In our investigation, we could not directly examine whether non-atopic asthma represents T-helper 2 or type 2 low asthma, while atopic asthma captures T-helper 2 or type 2 high asthma, two known endotypes [3, 30]. This is because we did not measure typical cells and cytokines associated with T-helper 2 or type 2 low vs. T-helper 2 or type 2 high endotypes. Thus, more comprehensive characterization of the two asthmas, in terms of the repertoire of cytokines, cells, and clinicals traits of the children are warranted.

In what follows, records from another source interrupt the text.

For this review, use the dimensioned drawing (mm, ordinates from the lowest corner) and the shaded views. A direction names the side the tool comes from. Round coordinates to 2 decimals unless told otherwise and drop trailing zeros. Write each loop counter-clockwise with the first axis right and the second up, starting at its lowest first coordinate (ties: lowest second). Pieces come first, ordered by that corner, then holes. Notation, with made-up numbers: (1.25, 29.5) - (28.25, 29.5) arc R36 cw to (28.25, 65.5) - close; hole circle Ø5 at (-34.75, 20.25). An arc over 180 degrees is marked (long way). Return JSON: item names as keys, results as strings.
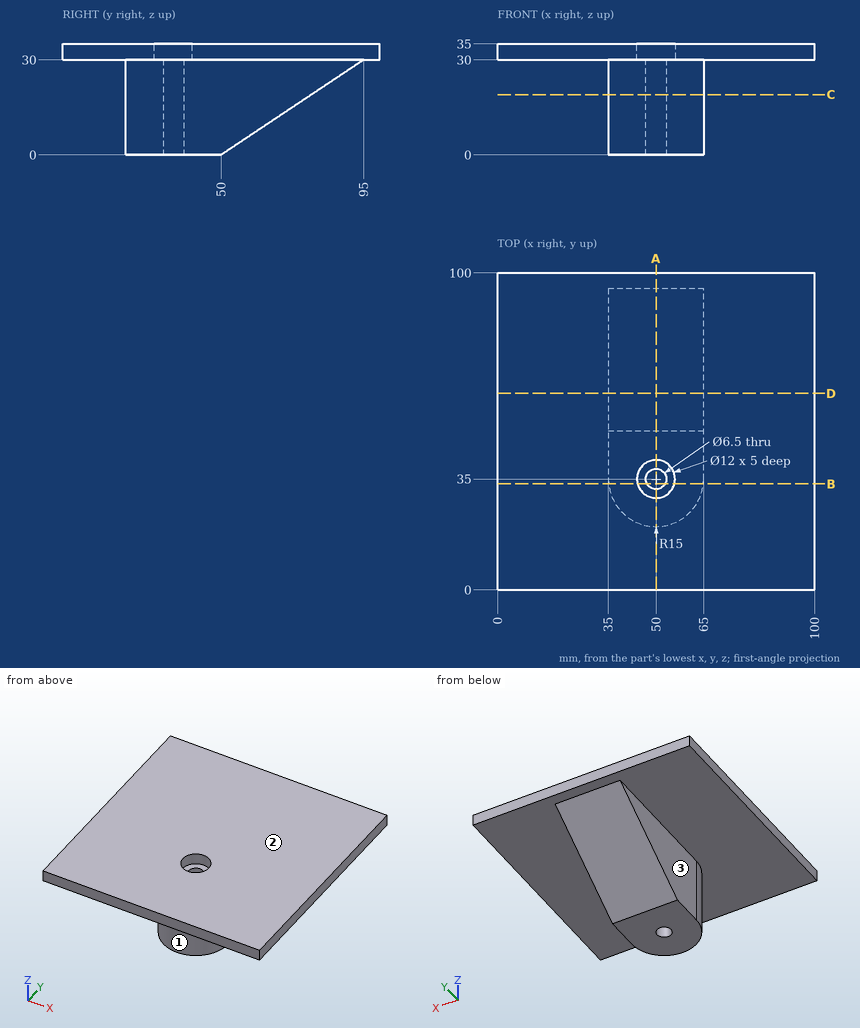
(1) Clearance check with flat-ended pins moving along their axes: pin 1 Ø5 at (x, z) = (34.5, 25.5) entering from -Y; pin 2 Ø5 at (y, z) = (82, 20) entering from +X; pin 3 Ø1 at (y, z) = (70.5, 22.5) entering from -X. State where each tip first meets the part, or that it passes through.
Filled in:
{"pin 1": "stops at y = 27.52", "pin 2": "stops at x = 65", "pin 3": "stops at x = 35"}
(2) Add section A-A (x = 50). Write out the cut boundary in (y, z).
Filled in:
{"outline": "(0, 30) - (20, 30) - (20, 0) - (31.75, 0) - (31.75, 30) - (29, 30) - (29, 35) - (0, 35) - close; (38.25, 0) - (50, 0) - (95, 30) - (100, 30) - (100, 35) - (41, 35) - (41, 30) - (38.25, 30) - close"}
(3) Add section C-C (z = 19). Write out the cut boundary in (x, y), plus the area to 3 significant figures.
Filled in:
{"outline": "(35, 35) arc R15 ccw to (65, 35) - (65, 78.5) - (35, 78.5) - close; hole circle Ø6.5 at (50, 35)", "area": "1,630 mm2"}
(4) Wall thickness on line 1 (Y direction, x = 50, z = 31.2); line 2 (X direction, y = 39.5, z = 9.5); line 3 (Z direction, x = 27, y = 89): over which ranges is each line inside the solid? List them lowest first.
Filled in:
{"line 1": "y = 0 to 29, 41 to 100", "line 2": "x = 35 to 65", "line 3": "z = 30 to 35"}
(5) Add section D-D (y = 62). Write out the cut boundary in (x, z), plus the area to 3 significant figures.
Filled in:
{"outline": "(0, 30) - (35, 30) - (35, 8) - (65, 8) - (65, 30) - (100, 30) - (100, 35) - (0, 35) - close", "area": "1,160 mm2"}
(6) Add section B-B (y = 33.5). Write out the cut boundary in (x, z), plus the area to 3 significant figures.
Filled in:
{"outline": "(0, 30) - (35.08, 30) - (35.08, 0) - (47.12, 0) - (47.12, 30) - (44.19, 30) - (44.19, 35) - (0, 35) - close; (52.88, 0) - (64.92, 0) - (64.92, 30) - (100, 30) - (100, 35) - (55.81, 35) - (55.81, 30) - (52.88, 30) - close", "area": "1,160 mm2"}
(7) For the marked faces 1, 2 and 3, list the 3-axis set-ups (+Z, -Z, +X, -X, +Y, -Y) from which the entire face can be reached by the end or side of a thin tool; tool diameter is ignored.
Filled in:
{"face 1": "-Z, -Y", "face 2": "+Z, +X, -X, +Y, -Y", "face 3": "-Z, -X, +Y, -Y"}

Strengths and limitations of the present study has been discussed [10–13]. Briefly, B[a]P is used as a representative PAH compound here, while a more realistic exposure scenario involves exposure to complex mixture of air pollutants. At the same time, robust body of evidence, including our own, have demonstrated B[a]P as a etiologically pertinent and representative PAH compound [9, 10, 13, 19, 31–36]. Both the laboratory and epidemiologic evidence have shown that PAHs could induce or enhance allergic sensitization, exacerbate pre-existing asthma, and enhance the risk of de novo asthma development [33, 37, 38]. In particular, B[a]P has been shown to directly target hematopoietic stem cells by binding to aryl hydrocarbon receptors, and subsequently impart a wide array of adverse effects, including mitochondrial functional deficit . Furthermore, B[a]P represents an efficient indicator of child’s exposure to ambient pollutant mixture, due to its extremely high correlation with other traffic-related air pollutants [40–43]. At the same time, other constituents of complex mixtures could increase multiple types of oxidative injury, respiratory system inflammation, and alteration in lung structure and function . Thus, other unmeasured, yet correlated air pollutants (e.g. metals), may pose a threat of residual confounding.

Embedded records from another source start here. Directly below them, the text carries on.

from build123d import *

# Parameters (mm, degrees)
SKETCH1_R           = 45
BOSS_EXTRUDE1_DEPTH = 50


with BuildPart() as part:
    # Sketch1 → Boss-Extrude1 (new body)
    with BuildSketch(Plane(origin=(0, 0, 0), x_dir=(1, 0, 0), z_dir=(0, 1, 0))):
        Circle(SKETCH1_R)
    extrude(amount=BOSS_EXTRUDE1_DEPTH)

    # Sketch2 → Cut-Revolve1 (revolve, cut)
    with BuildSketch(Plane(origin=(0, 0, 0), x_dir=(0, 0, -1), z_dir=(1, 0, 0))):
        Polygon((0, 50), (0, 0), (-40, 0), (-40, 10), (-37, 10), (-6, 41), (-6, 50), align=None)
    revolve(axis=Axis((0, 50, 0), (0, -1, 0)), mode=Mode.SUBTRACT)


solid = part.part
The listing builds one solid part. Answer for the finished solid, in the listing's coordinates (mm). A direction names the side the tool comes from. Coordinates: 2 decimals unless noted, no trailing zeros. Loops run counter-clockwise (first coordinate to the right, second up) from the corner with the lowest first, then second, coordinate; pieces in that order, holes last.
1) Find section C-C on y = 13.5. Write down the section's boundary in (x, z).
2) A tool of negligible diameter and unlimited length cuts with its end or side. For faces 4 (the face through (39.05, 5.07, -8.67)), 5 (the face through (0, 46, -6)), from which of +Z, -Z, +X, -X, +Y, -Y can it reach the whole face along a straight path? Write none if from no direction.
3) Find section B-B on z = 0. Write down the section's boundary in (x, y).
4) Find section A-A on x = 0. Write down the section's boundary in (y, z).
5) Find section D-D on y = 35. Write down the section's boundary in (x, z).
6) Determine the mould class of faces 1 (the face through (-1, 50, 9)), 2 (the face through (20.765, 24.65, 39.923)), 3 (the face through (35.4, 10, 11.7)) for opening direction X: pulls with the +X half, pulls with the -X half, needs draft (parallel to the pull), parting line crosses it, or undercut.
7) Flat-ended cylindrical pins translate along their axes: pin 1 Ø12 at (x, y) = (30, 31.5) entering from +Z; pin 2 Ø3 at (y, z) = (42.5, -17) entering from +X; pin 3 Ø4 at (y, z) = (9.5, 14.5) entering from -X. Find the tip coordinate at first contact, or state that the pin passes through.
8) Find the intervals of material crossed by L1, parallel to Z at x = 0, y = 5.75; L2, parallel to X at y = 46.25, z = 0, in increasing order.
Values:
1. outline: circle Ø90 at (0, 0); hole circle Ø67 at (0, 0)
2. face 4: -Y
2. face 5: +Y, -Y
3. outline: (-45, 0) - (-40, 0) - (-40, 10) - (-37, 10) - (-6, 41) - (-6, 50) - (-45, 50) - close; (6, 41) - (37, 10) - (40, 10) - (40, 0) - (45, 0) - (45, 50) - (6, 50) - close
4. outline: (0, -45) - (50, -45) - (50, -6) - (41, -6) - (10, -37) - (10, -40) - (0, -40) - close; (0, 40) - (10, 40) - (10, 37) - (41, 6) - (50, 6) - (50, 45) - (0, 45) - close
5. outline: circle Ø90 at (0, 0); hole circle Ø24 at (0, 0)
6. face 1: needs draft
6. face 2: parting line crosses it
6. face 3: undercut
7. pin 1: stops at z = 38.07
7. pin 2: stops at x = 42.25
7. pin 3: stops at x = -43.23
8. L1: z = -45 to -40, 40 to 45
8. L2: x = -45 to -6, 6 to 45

Our earlier investigation has shown the ambient monitored PAH concentrations as apt marker of chronic exposure. For example, the interquartile range of ambient B[a]P levels during our exposure window of interest (i.e. November, 2008) is representative of the ambient concentrations from the earlier years . At the same time, using ambient monitoring as primary marker of chronic exposure might underestimate exposure from other routes (e.g. oral and dermal). Our earlier sensitivity analysis has shown that while both the dietary intake and the inhalation exposure to PAHs contribute to human body burden, inhalation represents predominant route of exposure during the heating season .
As our goal was to estimate a proof-of-principle dose-response function of asthma associations under extreme variations in ambient B[a]P concentrations, our case-control children are not representative of general Czech population.